Below are some records. Retype exactly the lines from the one containing "What species is this moth?" through the one containing "Give the scientific name of this moth.", both included, skipping every picture.

* **Dataset extract**:
※

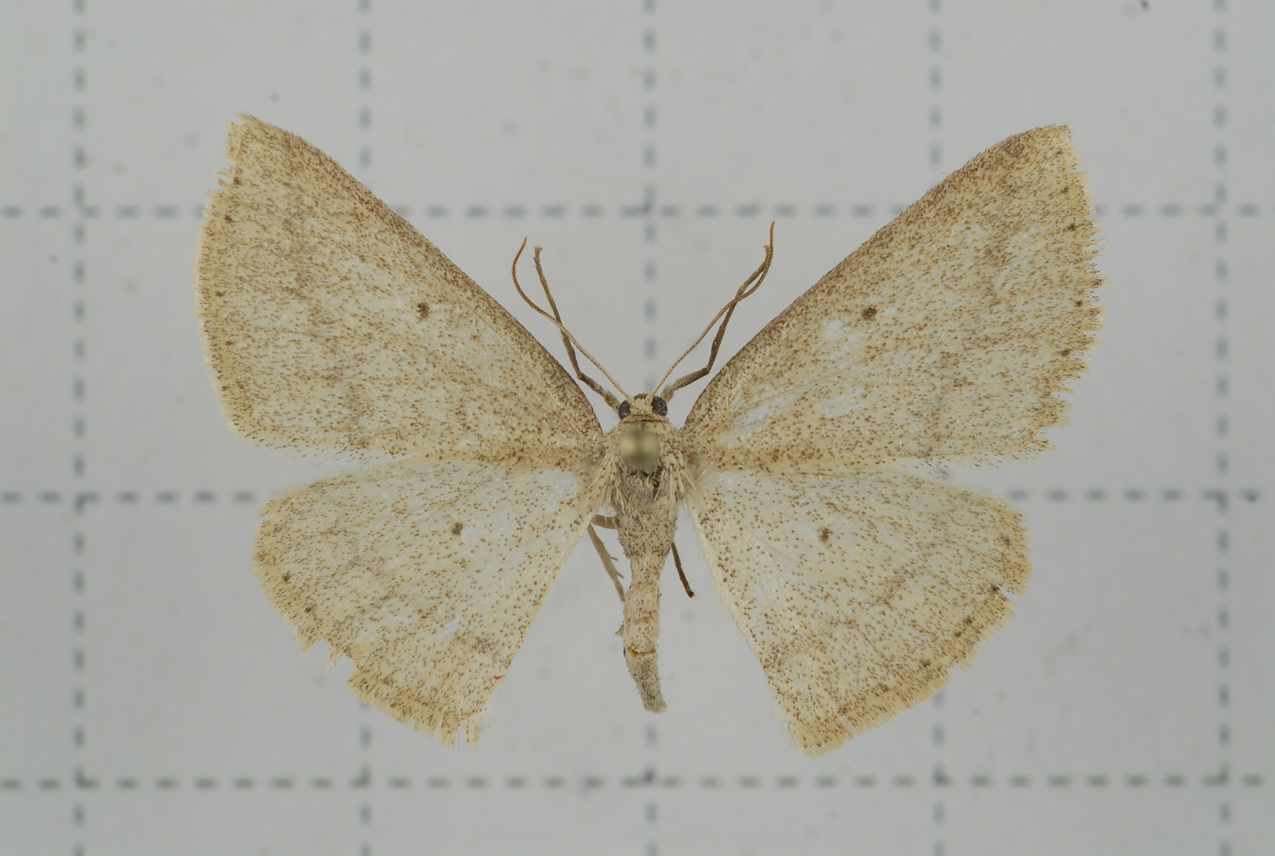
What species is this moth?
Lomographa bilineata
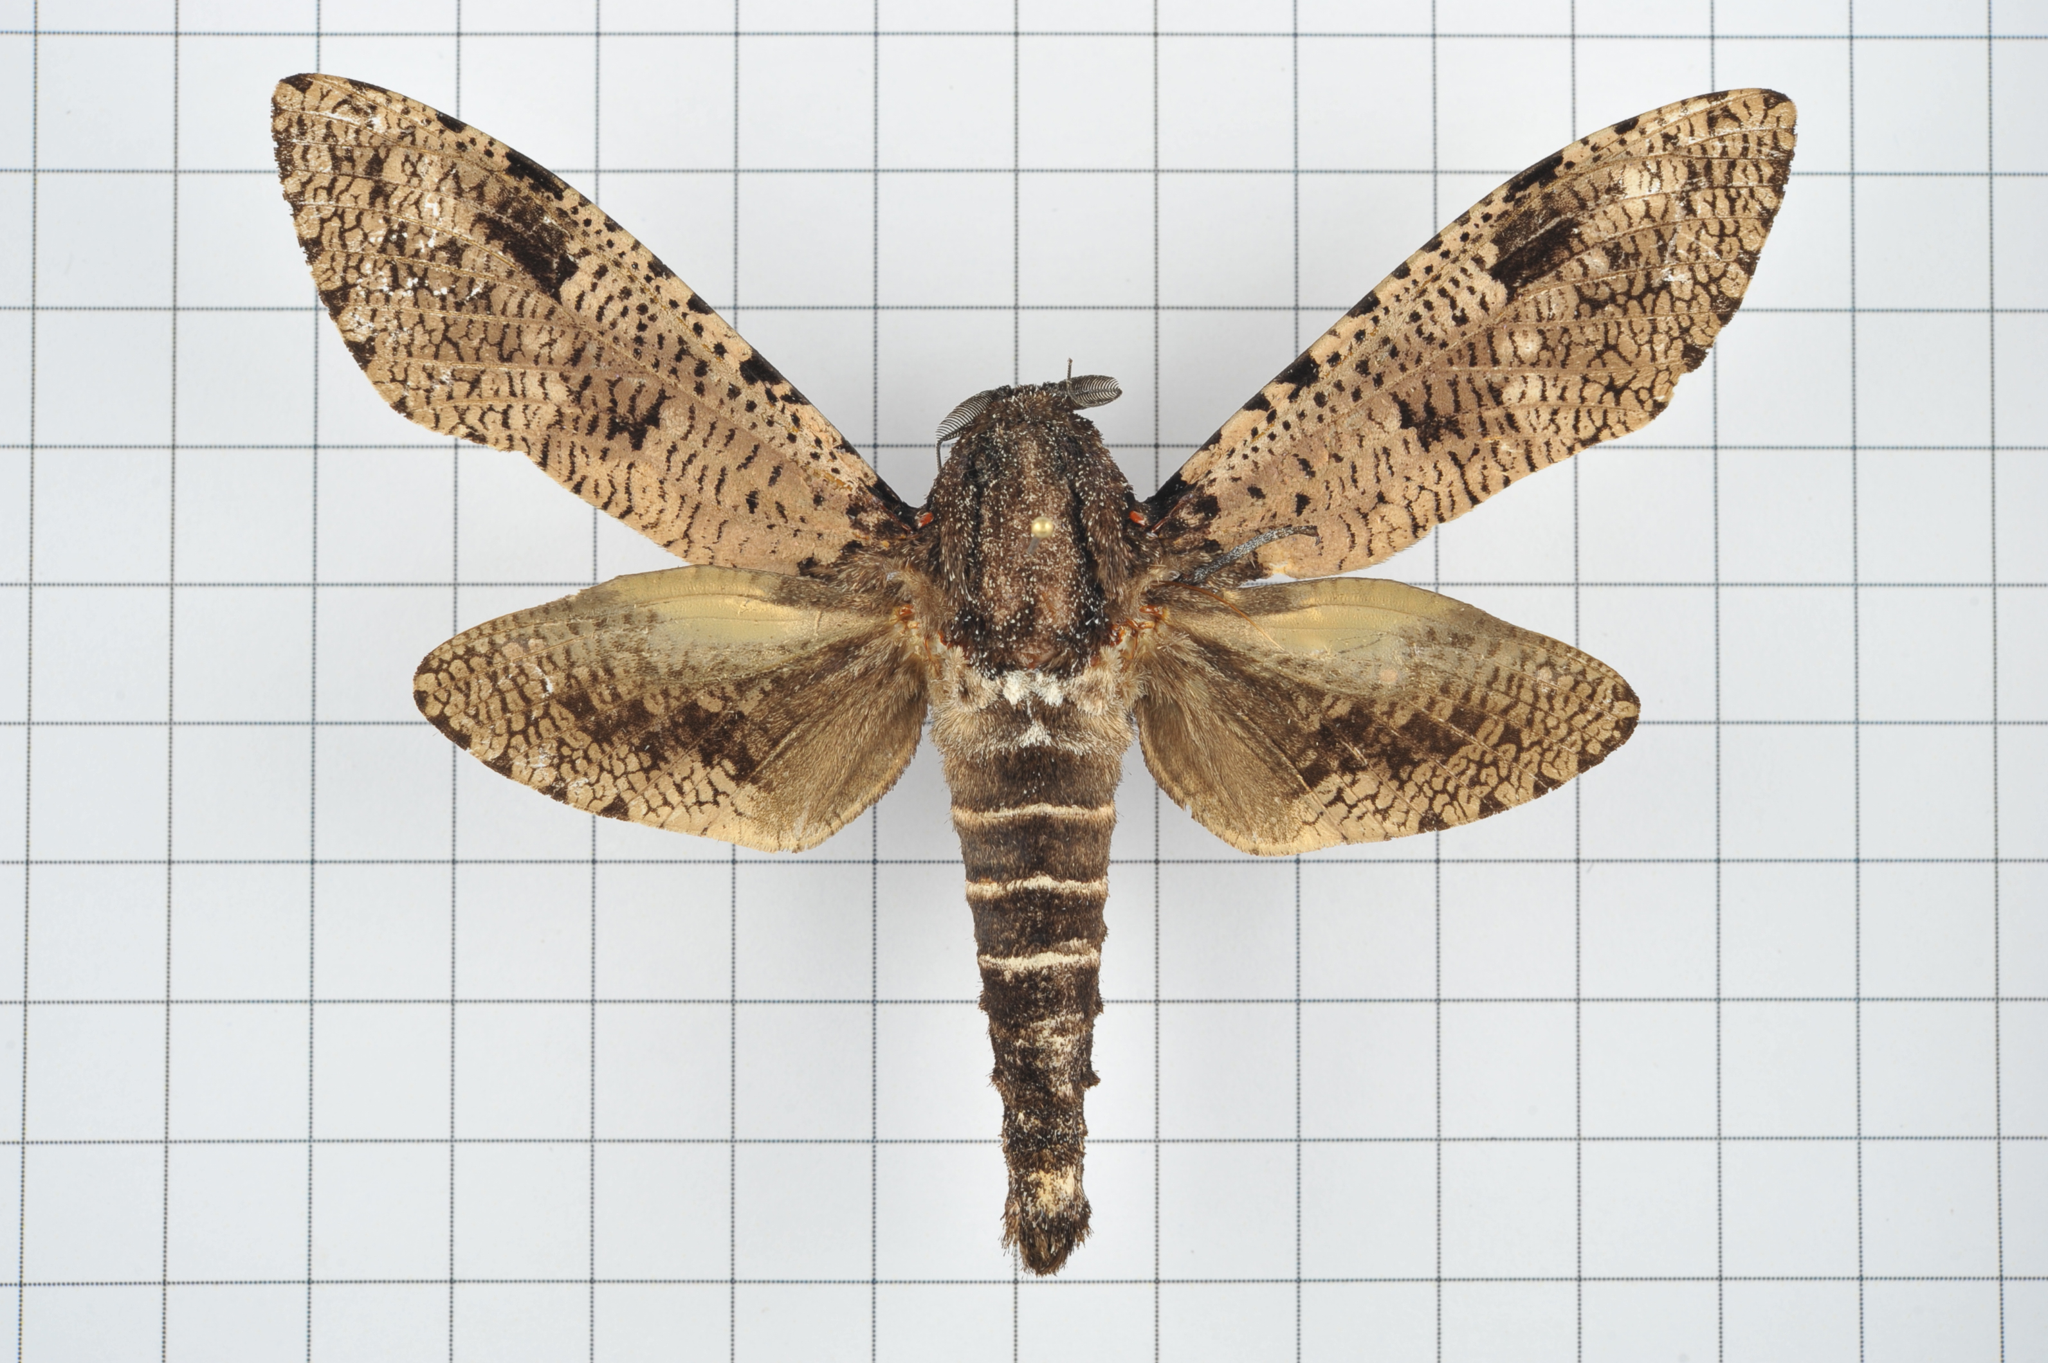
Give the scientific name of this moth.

※

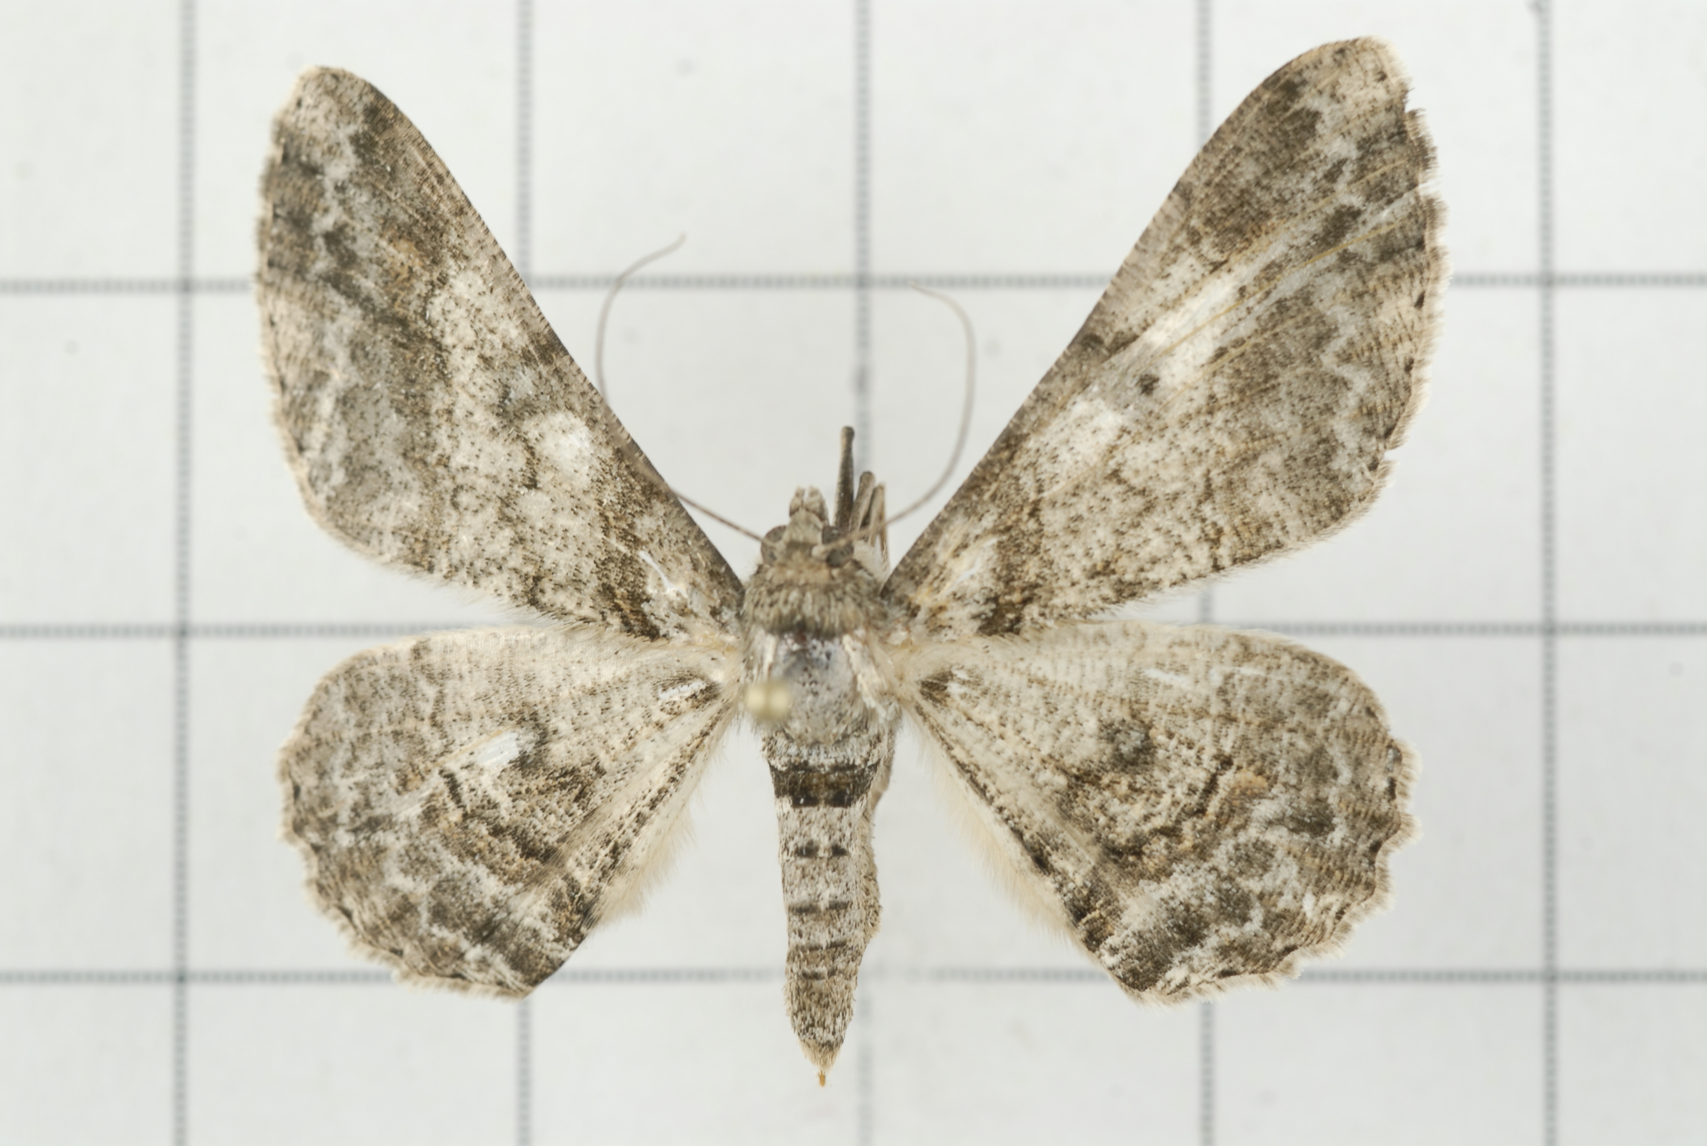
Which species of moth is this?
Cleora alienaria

※

* **Response to this task**:
What species is this moth?
Lomographa bilineata
Give the scientific name of this moth.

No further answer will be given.